When President Trump won the US election in November, many heralded the end of the Mexican economy after the new leader of the free world had vented all his anger against the country, which he had deemed as the origin of all American maladies. During the whole campaign, Trump had vowed to take action against firms investing in Mexico and promised that he was going to shake up NAFTA.
From election day to his inauguration, a two-month period, the dollar soared about 17% against the peso. On the other hand, the IPC, the main index of the Mexican Stock Exchange (BMV), fell 10% in the next five days after the American people went to the polls and supported the candidacy of the Republican.

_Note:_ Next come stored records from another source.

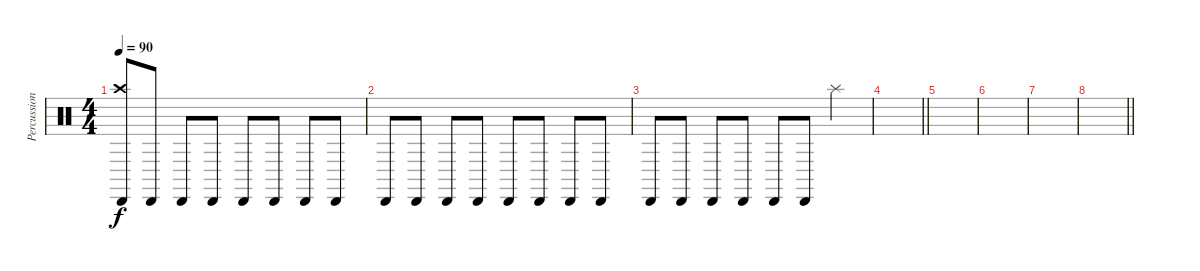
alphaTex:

\track ("Percussion" "Percussion") {instrument percussion}
\staff {score}
\articulation defaults
\ts (4 4)
\tempo 90
\clef neutral
\ks c
("Crash high (hit)" "Cabasa (hit)").8{dy f} "Cabasa (hit)".8 "Cabasa (hit)".8 "Cabasa (hit)".8 "Cabasa (hit)".8 "Cabasa (hit)".8 "Cabasa (hit)".8 "Cabasa (hit)".8 |
"Cabasa (hit)".8 "Cabasa (hit)".8 "Cabasa (hit)".8 "Cabasa (hit)".8 "Cabasa (hit)".8 "Cabasa (hit)".8 "Cabasa (hit)".8 "Cabasa (hit)".8 |
"Cabasa (hit)".8 "Cabasa (hit)".8 "Cabasa (hit)".8 "Cabasa (hit)".8 "Cabasa (hit)".8 "Cabasa (hit)".8 "Splash (hit)".4 |
\barLineRight lightlight
|
|
|
|
\barLineRight lightlight

Investors were afraid of taking part in the Mexican economy back then, but the situation has changed dramatically in just half a year.
The peso has gained 17% against the greenback, while the IPC is registering record-high levels, surpassing in late March the 49,000 points band for the very first time in its history.

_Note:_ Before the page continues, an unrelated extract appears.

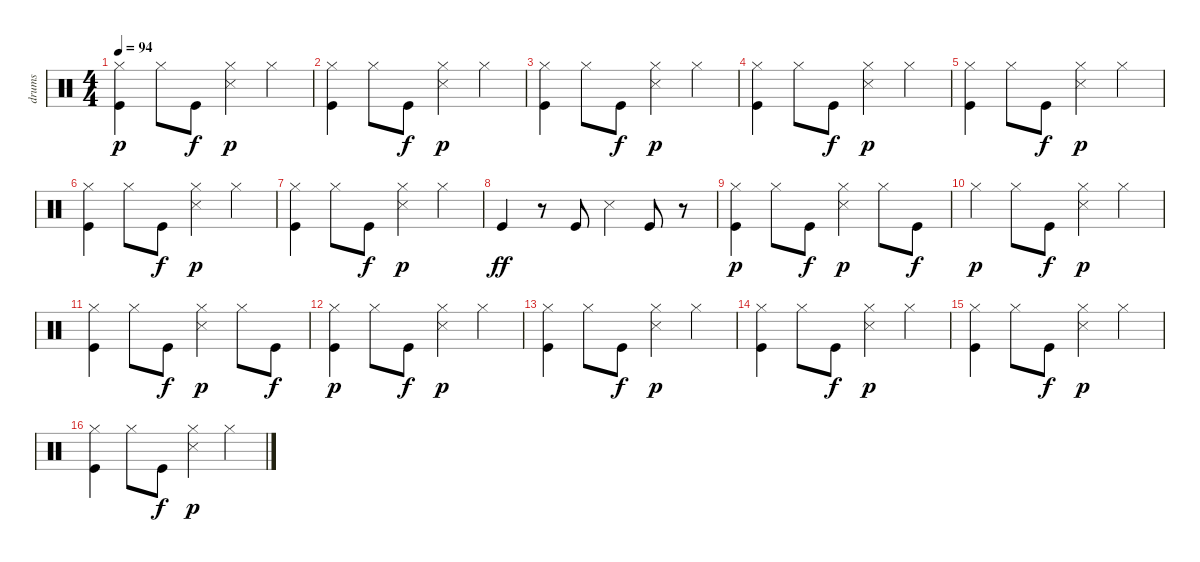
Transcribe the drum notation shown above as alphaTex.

There are two main factors that are driving this turning point in investors’ sentiment. Firstly, the BMV is influenced by the events on Wall Street, and in the northern neighbor the S&P 500 is experiencing an extremely bullish environment since Trump took office.
The new president promises to lower taxes for the middle classes and companies, which would boost US firms’ profits, as consumers would have more money to spend while big enterprises could use a larger percentage of their income to increase their dividend yields or develop new investment plans instead of giving it to the IRS.
Many Mexican companies such as Bimbo or America Movil have a strong footprint in the US and, consequently, their assets have gained 20% and 7%, respectively, since January. Furthermore, around 75% of Mexico’s foreign trade takes place with the US, hence if the economy in the north goes well, the south will follow suit.
Furthermore, Trump has vowed to unleash a USD1 trillion investment in infrastructure, which rallied construction stocks. And again, there are important Mexican construction firms such as Cemex or raw material producers like Industrias Peñoles or Grupo Mexico, which have experienced a slight growth in their prices.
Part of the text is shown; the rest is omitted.